Well im pretty sure if you read, most of us aren't telling you what to do, we are telling you why these aren't legal and why you aren't an RI. We have told you past information and given you proof. Most of us were right when you first came on claiming what you thought was right, but in fact most of the current members were right. Obviously we had to give some help cuz otherwise you wouldn't have came back on posting the shit we already told you.

you have to remember, many of us are MODS and we try to protect the innocent noobs from gettin ripped off because there are many of people that come on and claim they are gettin a skyline and to later find out they got ripped. We try to prevent that.. hell, we just had another company come on and post in this forum how they are a UK based company and they can import skylines within the next few months. We posted similar questions to them and they haven't responded. I will give you props that you try to respond to our questions. Its just your attitude that needs to change.

Now i have a legitimate question for you and this is also direct to celm to shut him up. you just stated you are a non-resident and your pass is up september 29. Is that this year or next year. DOT sites states this



dot.gov said:


> and i guess coming onto a forum and promoting your business while its in process is cool. Yes, you aren't trying to sell anything, but you are still trying to keep us updated so whne you do become legal, then you can use the forum to sell your cars.

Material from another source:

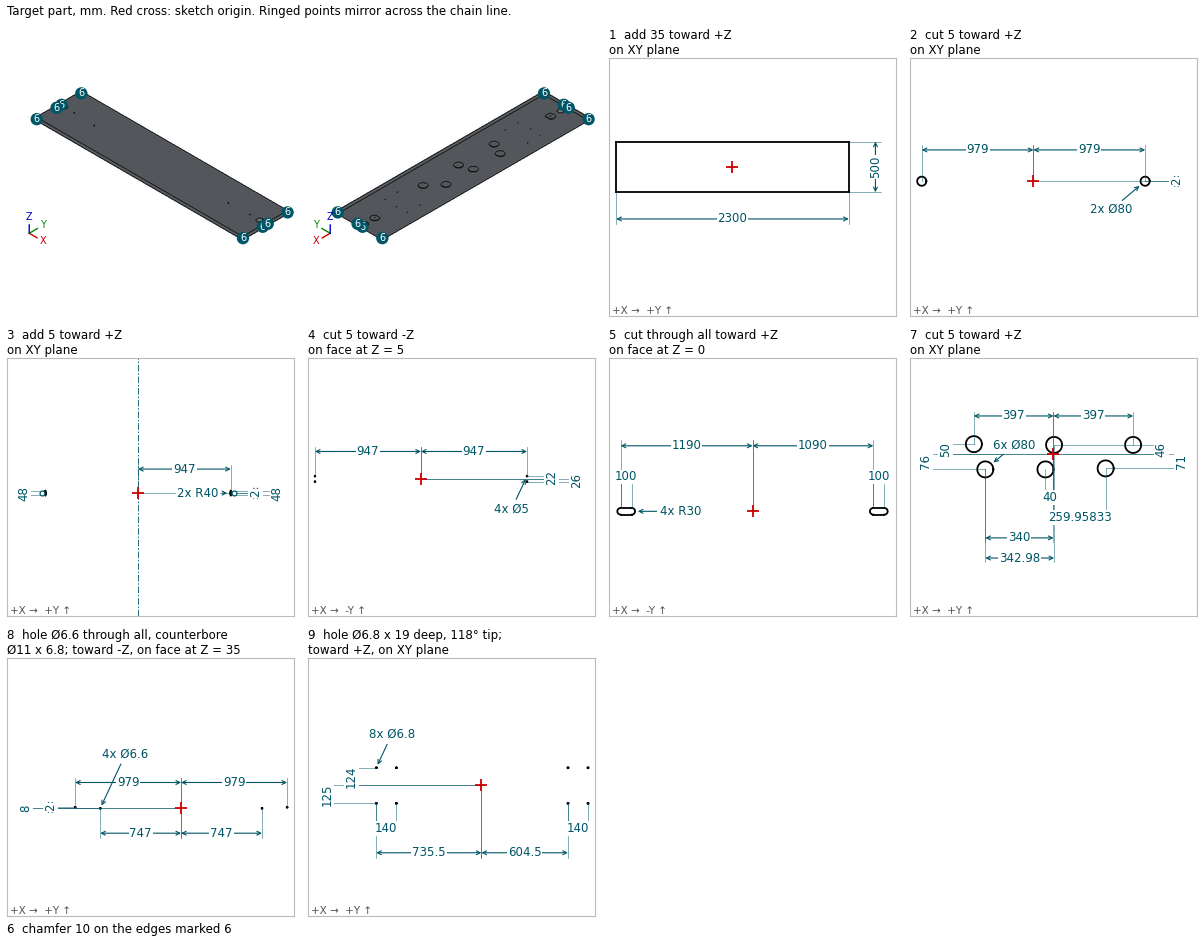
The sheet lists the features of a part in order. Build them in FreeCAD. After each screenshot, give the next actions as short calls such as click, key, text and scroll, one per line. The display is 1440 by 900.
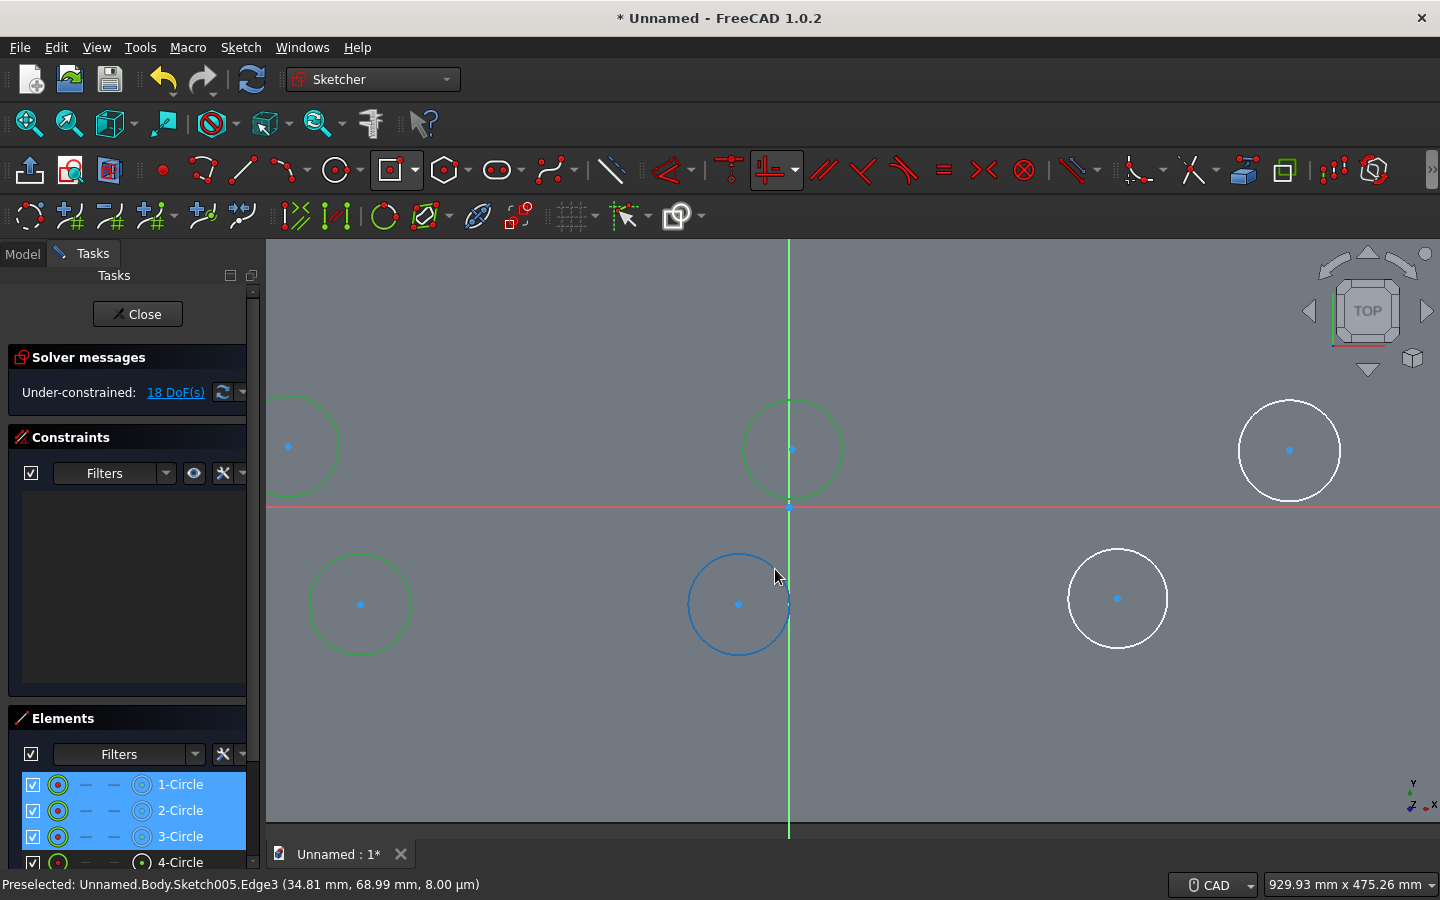
click(775, 569)
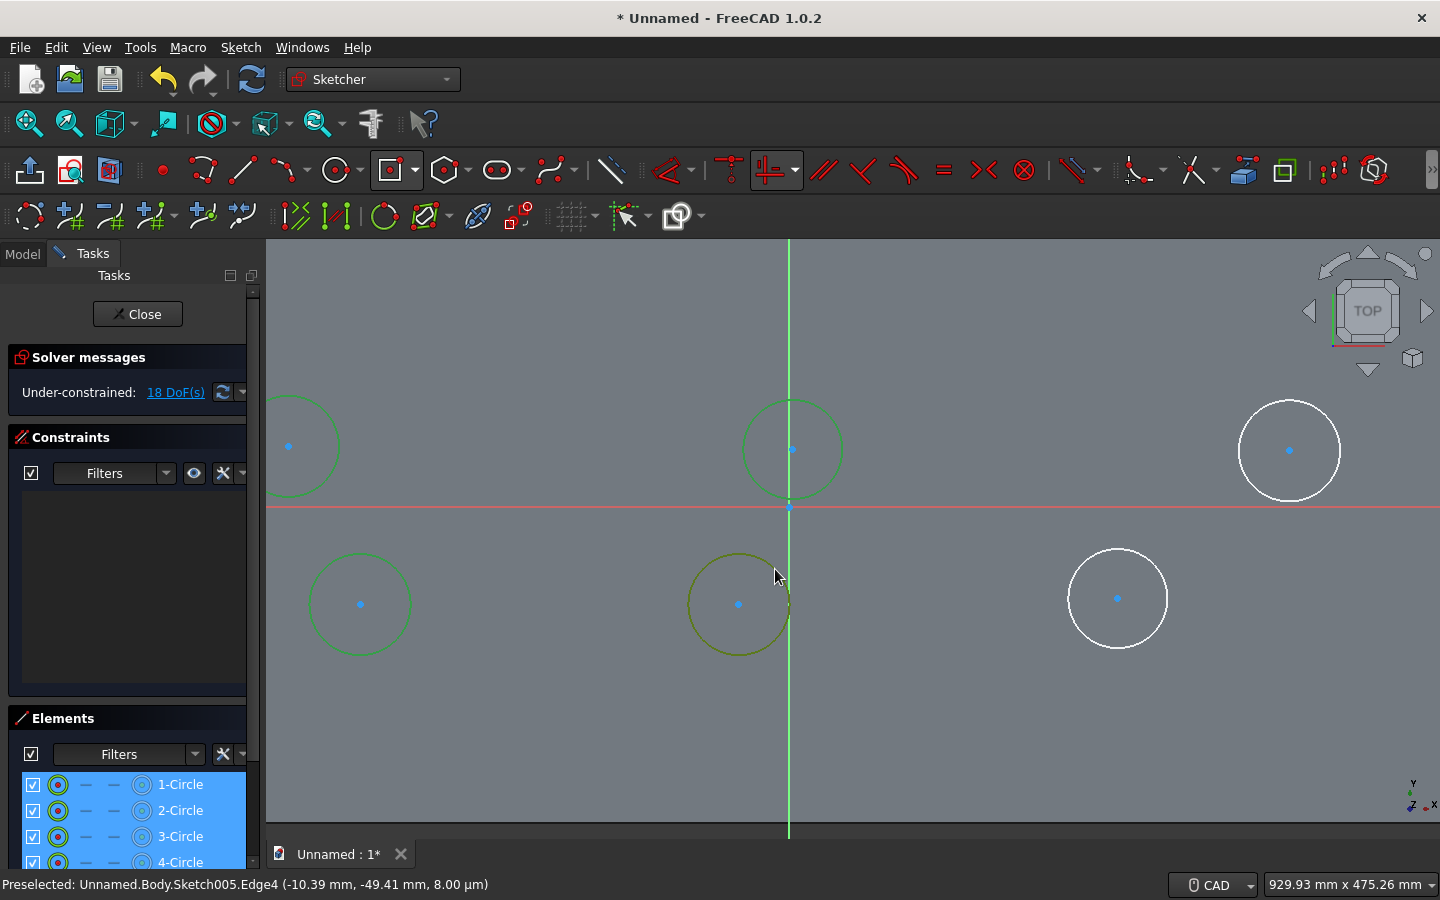
click(1153, 563)

according to that, if its ends this year, that skyline that you Illegally sold (in terms of taking it direct from DOT) has to be exported by that date. Would you be able to enlighten me please?


----------



## Nismo Skyline (May 2, 2002)

Wow, two constuctive posts in a row, let's keep this up!

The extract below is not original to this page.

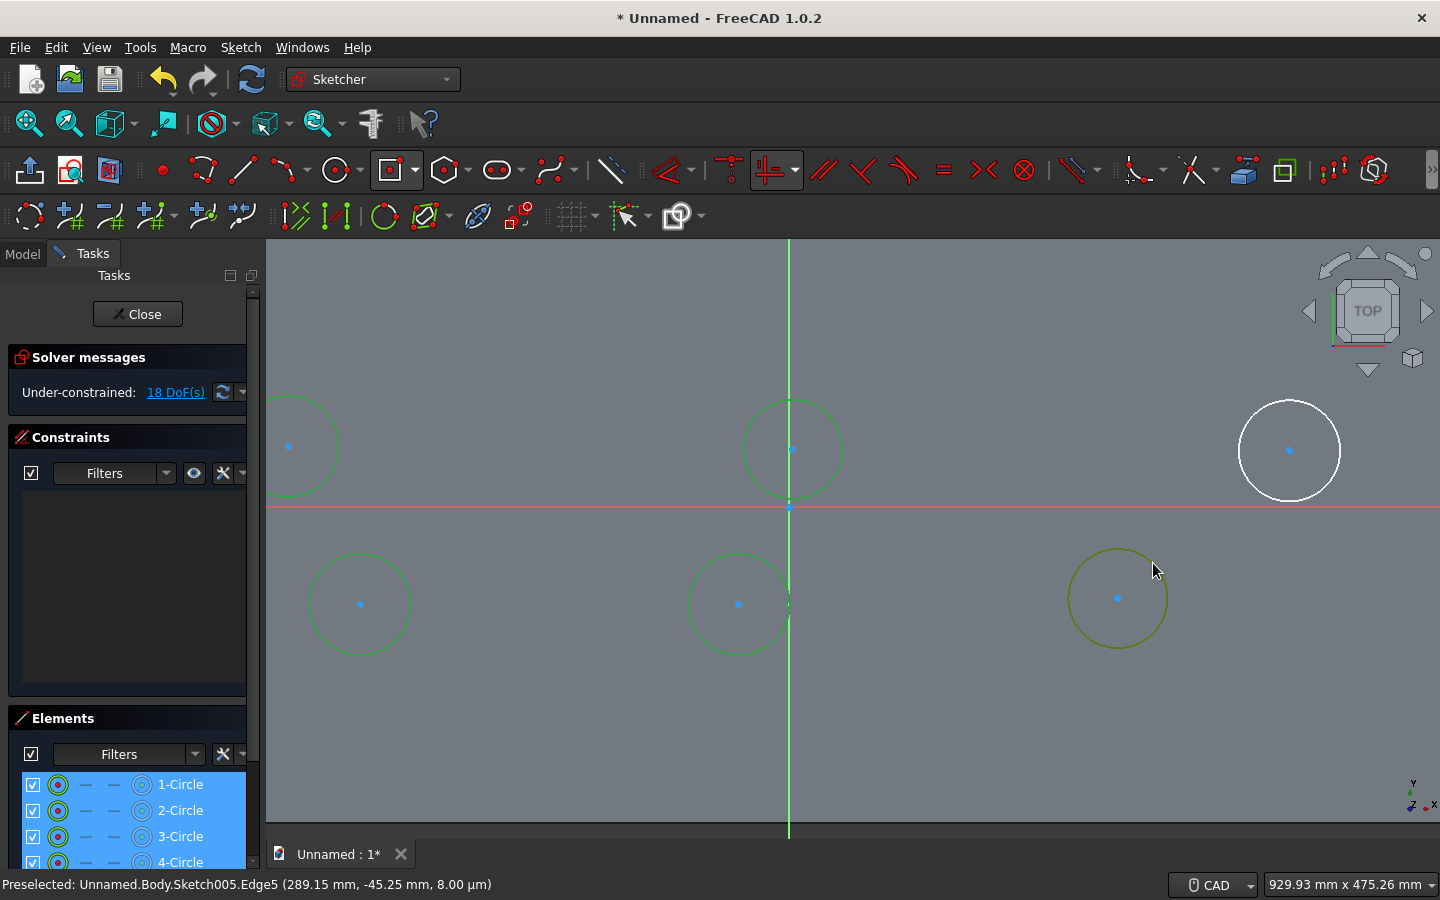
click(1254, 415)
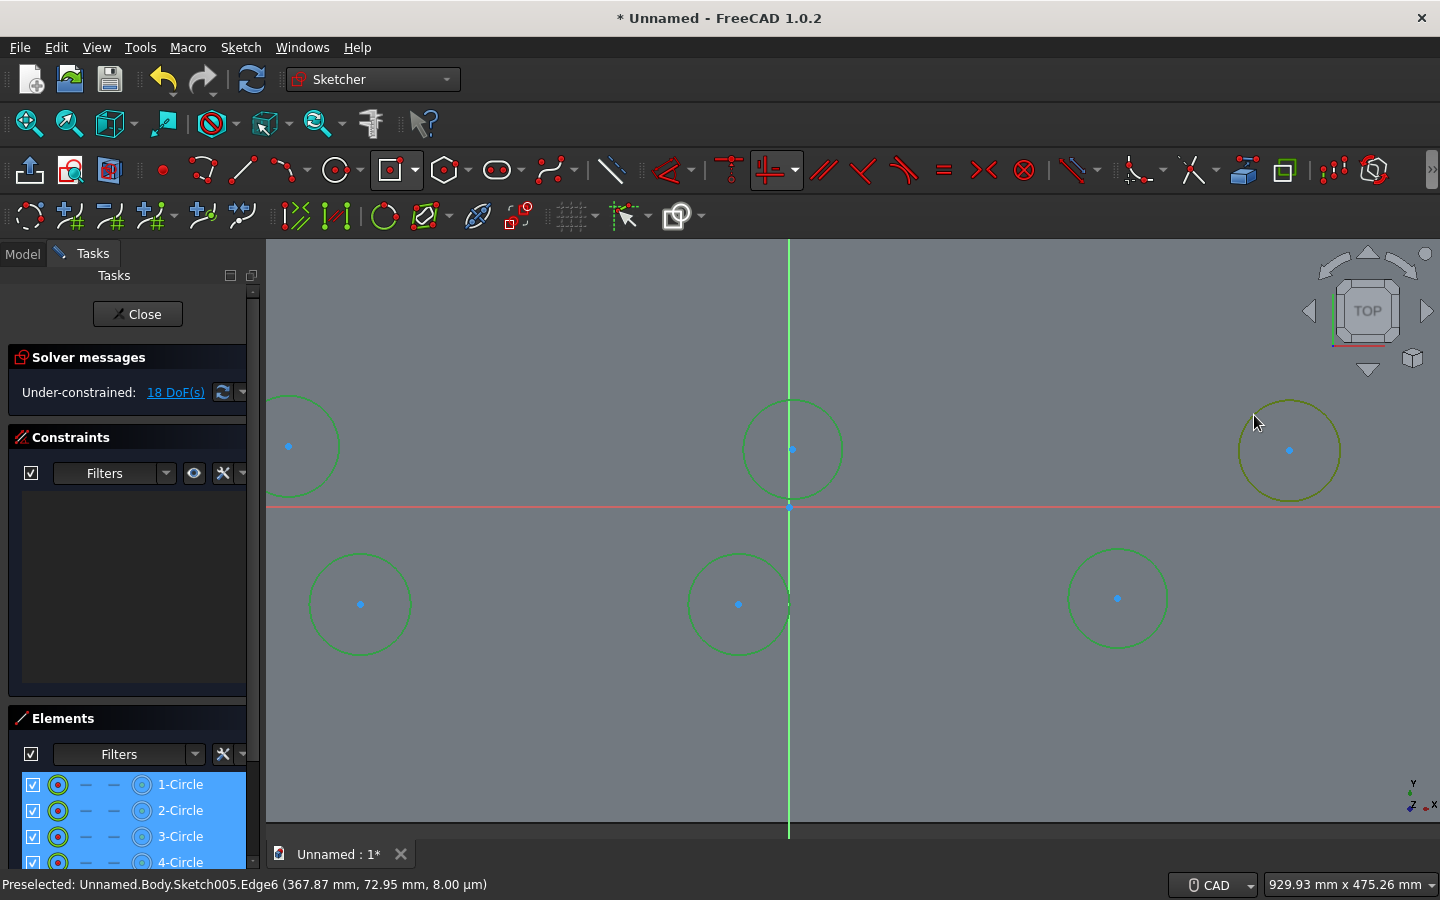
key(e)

96Skylineguy, we are not trying to bust your balls just to be dicks. There is a long involved process to get cars federally legal and you have found some shortcuts to make it legal on a state level. I talk to people daily about this and there are lots of ways to get a Skyline on the street with plates. All of them are legal at the state level because they want the money, but they are not at the federal level. If you want to claim you can get a car legalized with plates, then yes you are doing that. BUT, you are not making it DOT and EPA compliant, that is what some of us are questioning. If you want to to sell OHV's great, but a fully federal legal car is a competely different deal.

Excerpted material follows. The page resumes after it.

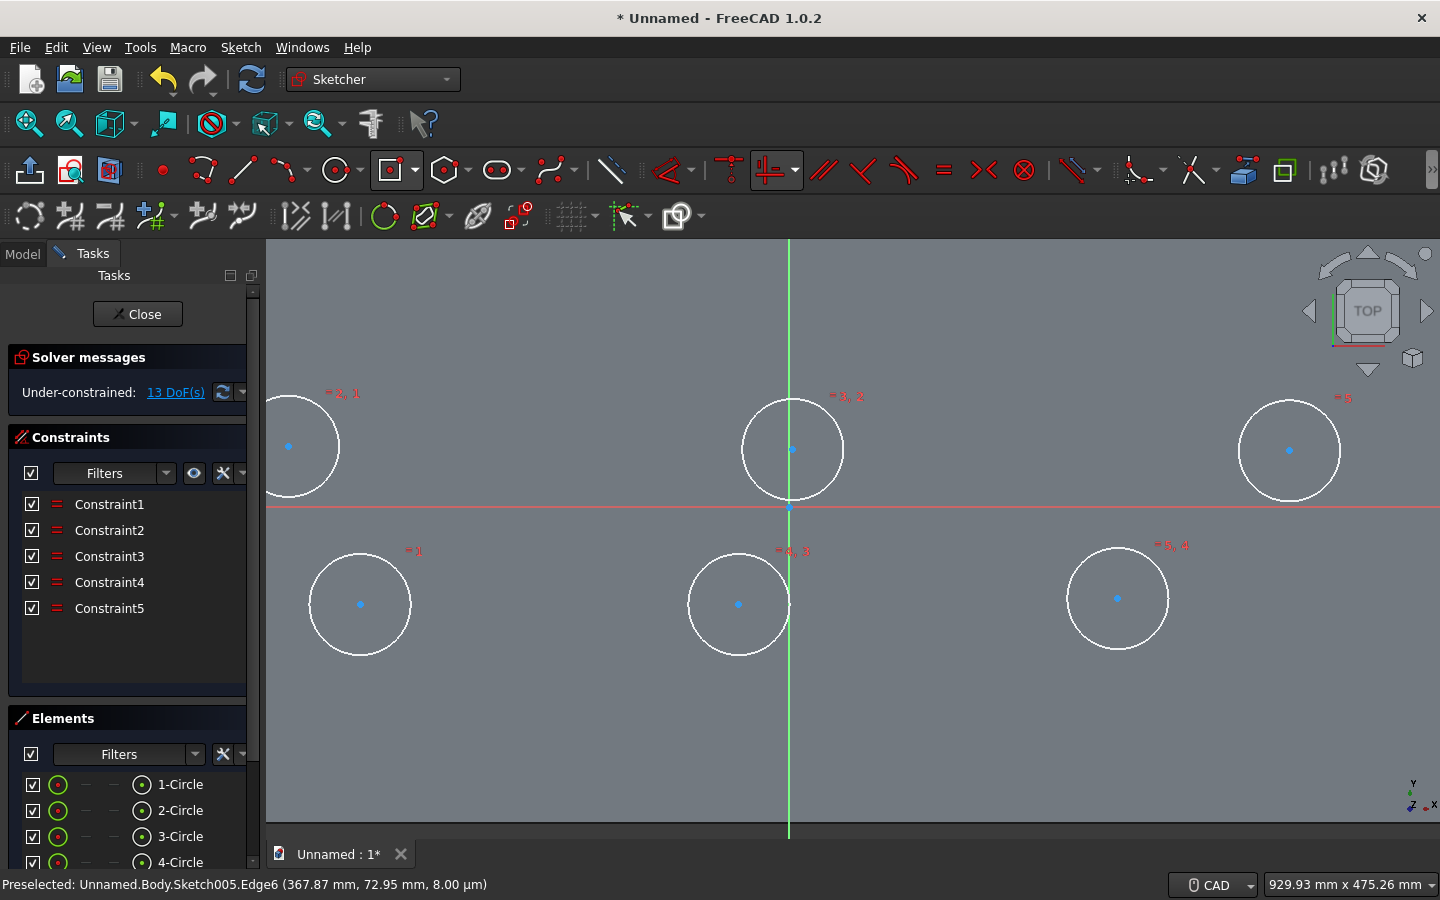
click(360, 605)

I own a GT-R and have been in contact with the US importers on pretty much a daily basis since 1999. I have seen what is going on and the mistakes made by the current RI. Now the DOT says they will no longer accept pettitons based on the Motorex original documents, so someone screwed up, who shalll remain nameless. I also know 3 other RI's that are working to make Skylines legal. In the last year exactly ZERO have been approved by DOT. So we are demanding some proof based on past experience, nothing personal.


----------



## Zen31ZR (Mar 24, 2004)

For one thing, a lot of us have done research on what is required to bring a Skyline into the USA and get it properly legalized. Telling us that we don't know what we are talking about, is pretty insulting to say the least. Especially coming from someone who isn't doing it the correct way. So don't talk to me about being a keyboard cowboy when you are no better than one yourself. Your post said something about "helping". As I recall, some of us were doing that, but you opened your big mouth and told us we were wrong. And as far as "getting off my ass", well, just as soon as I win the lottery. Not a whole lot of people have $200k laying around to get this ball rolling in the right direction........


----------



## psuLemon (Apr 23, 2003)

Nismo Skyline said:


> Wow, two constuctive posts in a row, let's keep this up!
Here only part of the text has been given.